While we worked outside, Moma made the usual beans with chicos, chile, and tortillas. She sorted the pintos to remove any small rocks and 'frijoles viejos,' old, shriveled beans, then rinsed the pintos in cold water, added chicos, and cooked them all day, with a little bacon, in a mica clay, Picuris pot. At the end of the day, she made gravy from flour, bacon fat, and bean juice for thickening the beans, in a small, black, cast iron frying pan; sometimes flames jumped out of the pan as she poured in the bean broth. To roast the green chile, each piece was turned on the grill to brown all sides, popping them with a sizzling swat if they started to swell so they wouldn't cook unevenly, then steamed in a hot, wet tee towel. After peeling the toasted skin away and jerking the stem off the tops, with the small seeds, the 'semillas,' still clinging, Moma squished the soft strips together with mashed garlic.

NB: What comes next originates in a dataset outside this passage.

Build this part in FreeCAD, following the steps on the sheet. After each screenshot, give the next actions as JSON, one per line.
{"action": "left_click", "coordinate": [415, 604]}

For tortillas, she mixed the dough by heart in a ceramic bowl with blue Navajo crosses encircling the rim, scooping flour in by the handful, sifting in baking powder and salt, spooning in lard by the fingerful, and adding warm water with Pet milk to make them soft. She formed small balls of dough, patting them with her fingertips as she lined them up next to the rolling board, then dusting the board with flour so the dough wouldn't stick, she rolled them out into perfect circles. She flipped them really fast between her hands to stretch the dough, and threw them on the grill; they were thick and soft, and we buttered them with melted lard.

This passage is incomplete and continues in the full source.